Guide to Proper Fork and Chain Inspections
Fork Inspection. Knowledge of metallurgy or its equivalent is not necessary to perform OHSA inspections, but operators must nonetheless pay attention to these key metal-related areas when examining forks.
- Rated load capacity. Are the forks rated to carry the loads they are handling? An excellent online calculator is available here.
- Surface cracks. Inspect each fork top and bottom for surface cracks. Pay close attention to the heel area and the welds to the areas that attach the forks to the lift truck. These areas are most likely to develop cracks. If a crack is found, the fork must be replaced before the lift truck is put back into service. OHSA does not permit a damaged fork to be repaired.
- Straightness of the blade and shank. If either the shank or the blade has any sort of bend, the fork must be replaced before the lift truck is put back into service.
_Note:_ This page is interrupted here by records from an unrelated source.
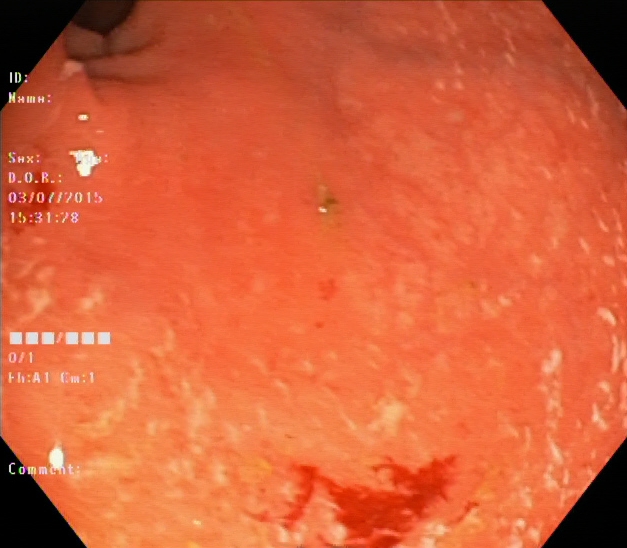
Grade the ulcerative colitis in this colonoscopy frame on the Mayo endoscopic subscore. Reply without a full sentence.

ulcerative colitis, Mayo endoscopic subscore 2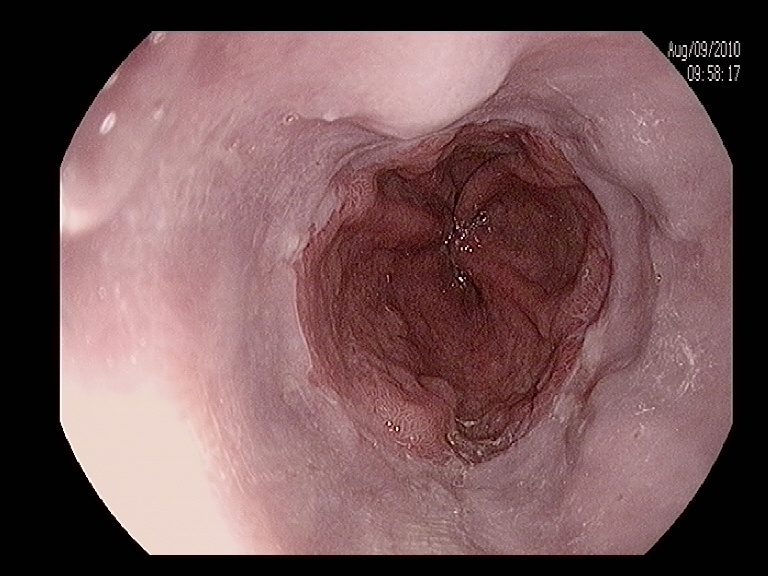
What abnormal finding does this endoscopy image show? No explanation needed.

esophageal varices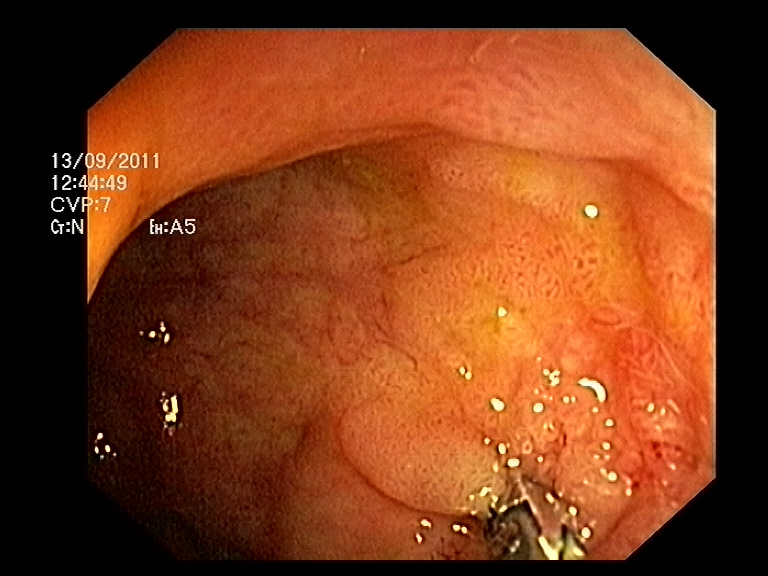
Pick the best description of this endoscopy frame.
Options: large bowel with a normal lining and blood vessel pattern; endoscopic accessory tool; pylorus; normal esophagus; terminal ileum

endoscopic accessory tool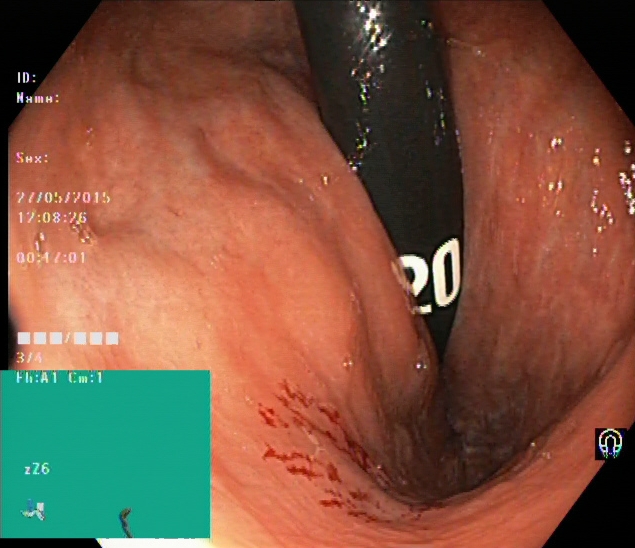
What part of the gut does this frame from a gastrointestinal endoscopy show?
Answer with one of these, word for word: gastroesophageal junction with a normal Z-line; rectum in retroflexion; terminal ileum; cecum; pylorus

rectum in retroflexion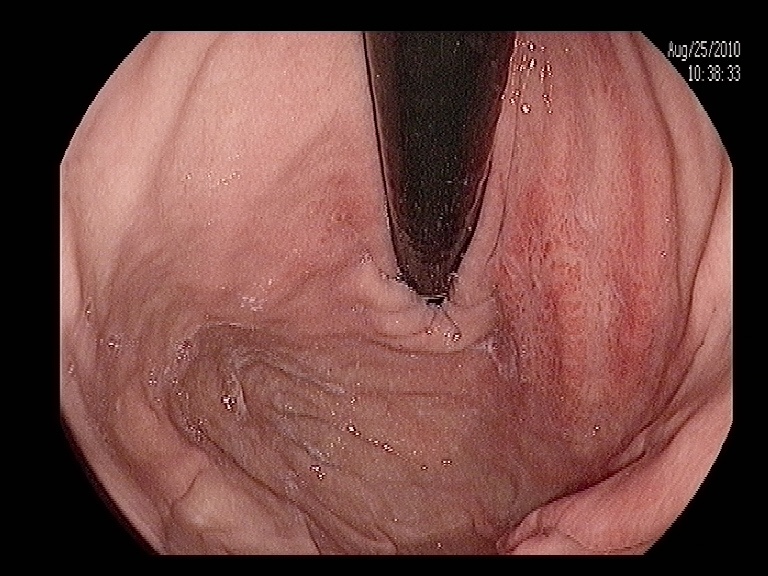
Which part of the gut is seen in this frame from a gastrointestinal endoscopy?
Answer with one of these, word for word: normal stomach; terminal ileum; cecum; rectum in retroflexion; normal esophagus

normal stomach

- Excessive angle. If the shank and blade angle exceed 93 degrees, the fork must be replaced before the lift truck is put back into service.
- Fork tip height variances. If the fork tips exceed 3 percent of the length of the blade, the forks need to be replaced before the lift truck is put back into service. For example, for 48-inch forks, the differences in the heights of the tips of your blades cannot exceed 1.44 inches.
- Positioning lock. If the positioning lock is inoperable, it must be replaced before the fork is put back into service on the lift truck.
- Normal wear. Use calipers to measure the heel and the blade for wear. These are the areas that wear most quickly. Once wear reaches 10 percent, the fork must be replaced. Ten percent wear results in a 20 percent reduction in rated fork capacity and represents a significant exposure for accident.
- Chain elongation. Elongation of more than 3 percent indicates a 15 percent reduction in strength and means the chain should be replaced.
- Rust and corrosion. Chains showing any rust or corrosion should be replaced. For maximum protection, chains must be completely lubricated at all times.
- Plate cracking. Inspect closely for cracks. The discovery of any crack means the chain should be replaced before the forklift is put back into service.
- Protruding or turned pins. Lack of lubrication results in friction between the plates and the pins, causing the pins to twist and turn their way out of place. The result is chain failure.
- Misalignment. Look for wear patterns on pinheads or outside plates. Continued operation will result in damage to the chain and sheaves, potentially causing the chain to fail.
- Chain anchors and sheaves. Inspect anchors for misalignment, damage or undue wear. Anchors with worn or broken fingers must be replaced.